Historical Accuracy in Disney Films


As we watch Disney films that bring up important questions of gender and race, we naturally start to wonder—how much should these films be altered to appeal to a child audience, especially when so many of the stories Disney tells revolve around violent times in history?  Movies such as Pocahontas, which depict the antagonistic relations between Native Americans and European settlers, dance around the more bloody aspects of history, much to some people's anger.

As for me?  I tend to think Disney can do whatever they want as far as picking which parts of history to put in a movie.  There's two important reasons for this: 1). Disney's responsibility is to entertain, not to educate, and 2). What parents of a six-year-old are going to let their child see a G-rated movie filled with massacres?

On the first point: Yes, Disney has a certain responsibility to promote social progression.  That's why it's bad (and rightfully so) for Disney to include elements of racism, sexism, etc. in their films.  Even though the company doesn't have to provide a history lesson in each of its movies, it is obligated to not raise a generation of close-minded, stereotyping individuals.  But this does not mean every little thing in every movie has to be perfectly accurate.  Disney movies are known to be fiction—and magical fairytale fiction at that.  It's not as if the company is promoting its movies as historical fact.  So when Disney chooses to leave out the massacres in Pocahontas or other less-appealing historical elements in other movies, it's not because the producers are being jerks.  It's because they have an image to protect: a magical, happily-ever-after Disney.

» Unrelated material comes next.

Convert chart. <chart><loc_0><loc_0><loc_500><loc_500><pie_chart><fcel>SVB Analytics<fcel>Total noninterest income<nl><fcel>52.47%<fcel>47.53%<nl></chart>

Yes, this is part of Disney's "happily-ever-after", which happens to contradict history.

For example, if Disney were to end Pocahontas "historically accurately", most if not all of the characters would be dead, blood would be spilled on all sides, and it would be impossible to end in song and dance and animal friends as every Disney movie does.  That's not Disney picking around the unsatisfactory elements of history—that's just Disney doing what Disney does best.

This leads me to my second point.  Returning to the Pocahontas example, if Disney were to show this total bloodshed, no parents would let their kids into the theatre.  It would defeat the whole purpose of a children's movie.  When I was five or six I definitely didn't know about the brutal wars between the Native Americans and English settlers, and rightfully so it wasn't Disney responsibility to educate me.  Even in school, I was only making hand turkeys and learning about The First Thanksgiving.

Disney doesn't just leave out the racially sensitive aspects of their Disney movies.  They leave out anything mildly unpleasant that took place in history.  I don't see lions eating antelopes in The Lion King.  Why?  Because that would distress children, and that's not Disney's intent.  Similarly, Disney only did what it had to in order to leave out the less appealing parts of history in movies like Pocahontas.

So should Disney be taking these true stories and adapting them if they aren't going to be faithful to the plot?  That's a whole different conversation.  Maybe the producers should just start inventing their own stories instead of relying on those that have already been told.  Either way, though, they can't be blamed for not being completely historically accurate—it would go against everything Disney.